Alice: “I suppose so, technically, but still… a fruit salad without any non-apple fruit… I mean, everyone puts apples in their fruit salad and there’s so much more fruit than just apples! So when I say ‘fruit’, I just really want to focus on the non-apple fruit, ok?”
Bob: “Ok, fine. Glad we cleared that up. One more question though: what about tomatoes?”
Alice: “Don’t. Just don’t.”

Now read this piece of dialogue again and replace ‘apple’ with ‘checking’ and ‘fruit’ with ‘testing’. Bob’s confusion is exactly the reason why the whole testing/checking debate is messy: most of the time it’s about testing *versus* checking. You can see it in the title of the LinkedIn post: “Are testing and checking different or not?” You can see it in Paul Gerrard’s article: “[…] the James Bach & Michael Bolton demarcation of or distinction between ‘testing versus checking’.” You can see it in Cem Kaner’s article: “According to the new doctrine, “checking” is the opposite of “testing” and therefore, automated tests that check against expectations are not only not sapient, they are not tests.” You can also see it in the original “Testing vs. Checking” blog post by Michael Bolton dated August 2009. It’s right there in the title. Do take note however, that this post has been retired and we are directed to the new version “Testing and Checking Refined“. However, the new version still contains a sub-title “Checking vs. Testing”.

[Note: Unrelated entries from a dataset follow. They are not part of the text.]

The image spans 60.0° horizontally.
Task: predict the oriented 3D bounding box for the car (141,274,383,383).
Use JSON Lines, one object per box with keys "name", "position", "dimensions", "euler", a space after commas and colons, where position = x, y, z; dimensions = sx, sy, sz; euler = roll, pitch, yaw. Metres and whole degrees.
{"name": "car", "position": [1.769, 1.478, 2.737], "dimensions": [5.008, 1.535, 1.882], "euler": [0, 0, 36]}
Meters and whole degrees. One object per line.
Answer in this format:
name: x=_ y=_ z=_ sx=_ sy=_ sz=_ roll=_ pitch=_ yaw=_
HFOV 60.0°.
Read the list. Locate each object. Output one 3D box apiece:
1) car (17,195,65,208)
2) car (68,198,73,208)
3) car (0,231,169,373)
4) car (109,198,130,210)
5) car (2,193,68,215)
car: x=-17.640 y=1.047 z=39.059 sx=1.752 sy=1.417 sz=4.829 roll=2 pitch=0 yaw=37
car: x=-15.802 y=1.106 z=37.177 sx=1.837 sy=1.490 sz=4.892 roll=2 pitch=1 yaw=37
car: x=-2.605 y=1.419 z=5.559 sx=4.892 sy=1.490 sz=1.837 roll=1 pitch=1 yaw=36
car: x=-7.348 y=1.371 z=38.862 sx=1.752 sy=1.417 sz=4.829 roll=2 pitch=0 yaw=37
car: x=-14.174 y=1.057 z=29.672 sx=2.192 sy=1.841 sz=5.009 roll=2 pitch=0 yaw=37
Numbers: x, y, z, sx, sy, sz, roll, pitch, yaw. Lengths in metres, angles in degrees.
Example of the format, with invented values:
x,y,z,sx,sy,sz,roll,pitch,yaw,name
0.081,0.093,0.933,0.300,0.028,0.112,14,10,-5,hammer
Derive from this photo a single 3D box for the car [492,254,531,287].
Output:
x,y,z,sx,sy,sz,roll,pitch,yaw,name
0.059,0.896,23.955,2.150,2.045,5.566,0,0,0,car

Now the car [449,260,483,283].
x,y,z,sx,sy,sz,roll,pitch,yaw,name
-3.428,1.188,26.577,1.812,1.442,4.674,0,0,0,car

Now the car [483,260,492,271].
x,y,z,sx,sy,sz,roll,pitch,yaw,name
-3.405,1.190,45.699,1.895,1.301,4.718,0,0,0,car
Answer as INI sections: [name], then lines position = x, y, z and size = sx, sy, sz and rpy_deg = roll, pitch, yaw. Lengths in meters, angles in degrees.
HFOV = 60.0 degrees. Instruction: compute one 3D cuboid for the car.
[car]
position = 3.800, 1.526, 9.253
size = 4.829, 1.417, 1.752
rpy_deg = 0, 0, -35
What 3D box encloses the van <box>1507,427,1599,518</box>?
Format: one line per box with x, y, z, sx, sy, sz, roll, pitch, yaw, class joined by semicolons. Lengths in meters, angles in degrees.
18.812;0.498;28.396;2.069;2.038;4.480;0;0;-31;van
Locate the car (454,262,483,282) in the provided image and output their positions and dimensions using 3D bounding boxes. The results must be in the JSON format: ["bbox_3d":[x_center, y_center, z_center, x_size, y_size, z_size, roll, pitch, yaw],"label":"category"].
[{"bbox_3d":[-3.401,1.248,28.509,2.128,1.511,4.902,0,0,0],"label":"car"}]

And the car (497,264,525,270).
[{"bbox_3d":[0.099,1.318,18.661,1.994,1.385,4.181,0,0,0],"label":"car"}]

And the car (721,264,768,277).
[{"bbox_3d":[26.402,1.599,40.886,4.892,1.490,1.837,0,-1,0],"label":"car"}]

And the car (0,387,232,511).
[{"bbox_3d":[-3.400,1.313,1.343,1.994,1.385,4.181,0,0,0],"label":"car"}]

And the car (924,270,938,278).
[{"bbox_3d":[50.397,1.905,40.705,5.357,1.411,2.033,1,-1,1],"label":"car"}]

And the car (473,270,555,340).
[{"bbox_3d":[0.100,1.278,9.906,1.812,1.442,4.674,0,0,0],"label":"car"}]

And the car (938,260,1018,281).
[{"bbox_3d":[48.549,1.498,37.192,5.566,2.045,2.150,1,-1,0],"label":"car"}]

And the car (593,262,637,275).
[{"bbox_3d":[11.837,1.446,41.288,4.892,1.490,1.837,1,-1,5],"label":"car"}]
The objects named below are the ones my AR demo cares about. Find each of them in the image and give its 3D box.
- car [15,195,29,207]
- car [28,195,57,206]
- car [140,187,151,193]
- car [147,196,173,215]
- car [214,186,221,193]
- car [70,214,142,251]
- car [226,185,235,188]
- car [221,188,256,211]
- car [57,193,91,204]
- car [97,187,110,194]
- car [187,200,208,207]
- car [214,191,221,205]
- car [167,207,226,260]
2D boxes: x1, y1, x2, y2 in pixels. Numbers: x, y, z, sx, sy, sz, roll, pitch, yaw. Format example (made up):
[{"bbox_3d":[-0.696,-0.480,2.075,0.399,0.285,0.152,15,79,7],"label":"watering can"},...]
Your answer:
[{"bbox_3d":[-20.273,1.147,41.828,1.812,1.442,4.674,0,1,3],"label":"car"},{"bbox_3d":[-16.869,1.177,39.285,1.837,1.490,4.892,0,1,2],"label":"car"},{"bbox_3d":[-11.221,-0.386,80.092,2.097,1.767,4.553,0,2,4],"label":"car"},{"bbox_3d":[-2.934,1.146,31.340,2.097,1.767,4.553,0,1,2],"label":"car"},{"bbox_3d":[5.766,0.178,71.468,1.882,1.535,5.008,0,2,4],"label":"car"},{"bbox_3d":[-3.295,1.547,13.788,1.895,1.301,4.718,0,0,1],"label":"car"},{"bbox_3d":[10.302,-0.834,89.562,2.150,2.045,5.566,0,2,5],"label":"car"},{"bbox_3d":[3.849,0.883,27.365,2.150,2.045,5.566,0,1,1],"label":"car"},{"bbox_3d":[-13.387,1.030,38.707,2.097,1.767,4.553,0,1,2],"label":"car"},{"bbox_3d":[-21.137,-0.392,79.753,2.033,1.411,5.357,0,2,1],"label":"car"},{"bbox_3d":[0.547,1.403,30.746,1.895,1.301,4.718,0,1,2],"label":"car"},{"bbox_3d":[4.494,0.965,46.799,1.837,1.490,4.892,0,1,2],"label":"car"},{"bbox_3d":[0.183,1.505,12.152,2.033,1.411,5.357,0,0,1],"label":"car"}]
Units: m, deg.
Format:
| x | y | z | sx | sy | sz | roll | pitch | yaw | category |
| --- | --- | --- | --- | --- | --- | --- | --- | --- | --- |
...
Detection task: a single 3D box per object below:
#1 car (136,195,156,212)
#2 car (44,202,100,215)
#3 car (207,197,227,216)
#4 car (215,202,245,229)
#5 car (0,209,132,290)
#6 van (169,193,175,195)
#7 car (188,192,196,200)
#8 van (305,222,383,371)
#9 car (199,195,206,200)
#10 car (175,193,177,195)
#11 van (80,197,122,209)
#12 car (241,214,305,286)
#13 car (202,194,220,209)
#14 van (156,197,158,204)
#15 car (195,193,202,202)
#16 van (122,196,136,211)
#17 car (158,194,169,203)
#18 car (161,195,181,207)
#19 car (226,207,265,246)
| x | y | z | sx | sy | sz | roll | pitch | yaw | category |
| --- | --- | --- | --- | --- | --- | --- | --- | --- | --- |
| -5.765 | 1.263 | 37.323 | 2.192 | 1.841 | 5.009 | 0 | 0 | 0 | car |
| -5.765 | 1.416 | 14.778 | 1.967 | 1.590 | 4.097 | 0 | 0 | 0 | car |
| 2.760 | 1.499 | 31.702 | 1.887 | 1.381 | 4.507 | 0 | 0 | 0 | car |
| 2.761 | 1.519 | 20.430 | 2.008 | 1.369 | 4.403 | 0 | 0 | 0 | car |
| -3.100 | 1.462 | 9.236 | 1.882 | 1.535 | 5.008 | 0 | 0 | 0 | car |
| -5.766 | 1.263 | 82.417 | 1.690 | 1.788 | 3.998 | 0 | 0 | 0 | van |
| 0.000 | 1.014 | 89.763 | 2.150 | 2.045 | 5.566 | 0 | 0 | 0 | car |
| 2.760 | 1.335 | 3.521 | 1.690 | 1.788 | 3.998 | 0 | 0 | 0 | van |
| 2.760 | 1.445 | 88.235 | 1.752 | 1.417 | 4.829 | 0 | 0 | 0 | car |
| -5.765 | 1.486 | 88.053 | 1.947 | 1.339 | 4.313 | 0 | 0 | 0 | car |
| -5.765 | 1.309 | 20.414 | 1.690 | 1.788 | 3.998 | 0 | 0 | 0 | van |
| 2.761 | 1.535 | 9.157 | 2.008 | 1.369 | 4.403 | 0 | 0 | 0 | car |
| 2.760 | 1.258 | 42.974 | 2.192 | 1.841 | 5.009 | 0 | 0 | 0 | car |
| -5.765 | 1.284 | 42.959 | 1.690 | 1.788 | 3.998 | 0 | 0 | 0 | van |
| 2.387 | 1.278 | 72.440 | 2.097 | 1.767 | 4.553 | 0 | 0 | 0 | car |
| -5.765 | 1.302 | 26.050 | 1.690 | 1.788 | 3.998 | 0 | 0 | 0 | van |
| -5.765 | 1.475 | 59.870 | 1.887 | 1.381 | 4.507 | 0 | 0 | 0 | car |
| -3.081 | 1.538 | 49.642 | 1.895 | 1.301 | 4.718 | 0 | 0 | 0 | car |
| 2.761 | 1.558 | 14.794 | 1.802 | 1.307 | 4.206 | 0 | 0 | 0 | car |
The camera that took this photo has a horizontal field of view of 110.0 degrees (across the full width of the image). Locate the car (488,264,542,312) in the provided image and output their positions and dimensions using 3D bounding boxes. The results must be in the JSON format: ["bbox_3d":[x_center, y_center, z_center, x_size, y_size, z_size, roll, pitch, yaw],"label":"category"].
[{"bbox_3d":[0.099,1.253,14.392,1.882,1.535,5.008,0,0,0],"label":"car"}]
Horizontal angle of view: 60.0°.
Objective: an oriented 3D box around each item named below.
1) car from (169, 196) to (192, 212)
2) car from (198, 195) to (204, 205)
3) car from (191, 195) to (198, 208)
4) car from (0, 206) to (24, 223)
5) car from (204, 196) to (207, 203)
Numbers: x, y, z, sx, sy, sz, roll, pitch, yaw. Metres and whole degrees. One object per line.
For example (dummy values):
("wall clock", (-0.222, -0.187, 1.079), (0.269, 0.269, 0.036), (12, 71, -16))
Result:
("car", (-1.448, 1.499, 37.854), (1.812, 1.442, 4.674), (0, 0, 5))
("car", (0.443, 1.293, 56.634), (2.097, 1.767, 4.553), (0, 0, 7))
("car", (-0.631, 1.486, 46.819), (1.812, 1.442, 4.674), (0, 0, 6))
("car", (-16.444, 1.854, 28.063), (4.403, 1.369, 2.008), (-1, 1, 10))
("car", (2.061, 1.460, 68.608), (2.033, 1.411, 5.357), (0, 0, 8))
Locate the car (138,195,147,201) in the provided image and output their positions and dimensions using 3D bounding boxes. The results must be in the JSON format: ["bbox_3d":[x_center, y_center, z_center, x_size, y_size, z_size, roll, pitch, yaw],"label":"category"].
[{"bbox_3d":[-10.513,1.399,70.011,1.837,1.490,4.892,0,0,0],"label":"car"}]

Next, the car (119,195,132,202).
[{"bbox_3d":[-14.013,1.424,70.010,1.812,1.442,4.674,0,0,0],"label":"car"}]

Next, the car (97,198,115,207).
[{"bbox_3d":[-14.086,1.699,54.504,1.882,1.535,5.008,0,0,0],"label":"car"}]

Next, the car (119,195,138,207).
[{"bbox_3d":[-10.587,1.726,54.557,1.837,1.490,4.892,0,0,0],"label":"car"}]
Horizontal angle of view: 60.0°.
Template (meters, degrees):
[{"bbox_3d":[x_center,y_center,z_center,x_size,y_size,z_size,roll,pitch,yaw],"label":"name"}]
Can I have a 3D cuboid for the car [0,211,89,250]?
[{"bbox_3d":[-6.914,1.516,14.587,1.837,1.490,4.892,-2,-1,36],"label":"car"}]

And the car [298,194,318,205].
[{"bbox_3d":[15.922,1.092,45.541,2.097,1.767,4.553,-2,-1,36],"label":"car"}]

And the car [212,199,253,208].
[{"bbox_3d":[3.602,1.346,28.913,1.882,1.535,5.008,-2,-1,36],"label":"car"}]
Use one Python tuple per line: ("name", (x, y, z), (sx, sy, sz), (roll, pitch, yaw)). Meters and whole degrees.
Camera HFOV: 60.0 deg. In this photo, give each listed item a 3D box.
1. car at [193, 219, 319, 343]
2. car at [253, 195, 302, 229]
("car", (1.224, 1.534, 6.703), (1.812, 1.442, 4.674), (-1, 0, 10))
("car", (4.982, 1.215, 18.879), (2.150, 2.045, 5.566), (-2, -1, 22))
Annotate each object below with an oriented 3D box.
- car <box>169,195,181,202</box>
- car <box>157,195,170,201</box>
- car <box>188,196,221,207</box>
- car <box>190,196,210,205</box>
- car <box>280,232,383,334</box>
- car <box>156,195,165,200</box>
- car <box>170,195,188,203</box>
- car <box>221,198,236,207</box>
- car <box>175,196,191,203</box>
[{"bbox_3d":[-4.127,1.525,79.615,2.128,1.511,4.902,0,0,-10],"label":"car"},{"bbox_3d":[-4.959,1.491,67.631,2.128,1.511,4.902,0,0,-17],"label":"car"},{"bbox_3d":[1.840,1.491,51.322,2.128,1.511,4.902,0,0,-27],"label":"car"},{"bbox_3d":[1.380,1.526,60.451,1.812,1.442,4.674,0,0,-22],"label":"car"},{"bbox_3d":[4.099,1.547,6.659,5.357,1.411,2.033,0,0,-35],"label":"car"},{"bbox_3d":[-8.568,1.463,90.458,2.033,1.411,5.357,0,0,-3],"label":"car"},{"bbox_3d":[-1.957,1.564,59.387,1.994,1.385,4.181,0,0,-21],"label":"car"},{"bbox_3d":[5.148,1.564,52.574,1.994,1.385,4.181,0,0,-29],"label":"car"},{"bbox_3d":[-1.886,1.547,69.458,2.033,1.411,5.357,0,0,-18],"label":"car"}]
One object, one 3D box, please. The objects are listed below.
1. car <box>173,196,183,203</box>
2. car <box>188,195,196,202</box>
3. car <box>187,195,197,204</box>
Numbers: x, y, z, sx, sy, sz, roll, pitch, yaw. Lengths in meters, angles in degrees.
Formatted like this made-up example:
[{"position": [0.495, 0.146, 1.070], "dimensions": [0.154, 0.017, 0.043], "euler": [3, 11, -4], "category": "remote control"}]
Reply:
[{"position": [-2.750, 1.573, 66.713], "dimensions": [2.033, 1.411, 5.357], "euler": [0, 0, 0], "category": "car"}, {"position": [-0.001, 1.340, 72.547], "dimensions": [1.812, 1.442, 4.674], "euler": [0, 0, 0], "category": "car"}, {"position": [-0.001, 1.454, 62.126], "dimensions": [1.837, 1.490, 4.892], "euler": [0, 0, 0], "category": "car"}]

“Testing and Checking Refined” also contains a helpful diagram, that’s key to the point I want to make in this post. The diagram shows us that there’s one overarching category ‘testing’ (fruit), which contains two things: ‘checking’ (apples) and all other testing activities (non-apple fruit). This helps us to understand two things.

First of all, it shows that any discussion about testing *versus* checking is bullshit. They are on a different conceptual level, just like fruit and apples, so any direct comparison is meaningless. To throw in one more analogy, what would you answer when you were asked while visiting a friend at his home: “Would you like coffee, or something to drink?”

Secondly, it explains why my previous point is difficult to get(1). The diagram presents people with two concepts: ‘testing’ and ‘checking’. Of course there’s also “learning by experimenting, including study, questioning, modeling, observation, inference, etc.”, but that’s just too vague to register mentally as an entity. It does not coalesce into a concept. What we’re left with are only two concepts, ‘testing’ and ‘checking’, and the non-checking part of testing is gone. This is actually illustrated by the title of James Bach’s and Michael Bolton’s blog post: “Testing and Checking Refined”.

So when you present two concepts in this way, is it really that surprising that people talk about them likes apples and oranges, instead of like apples and fruit? I think not.

— — —

(1) Including for myself. See for instance how I’m struggling with this very problem in my blog post from August: “What’s the word for the part of testing that’s not checking?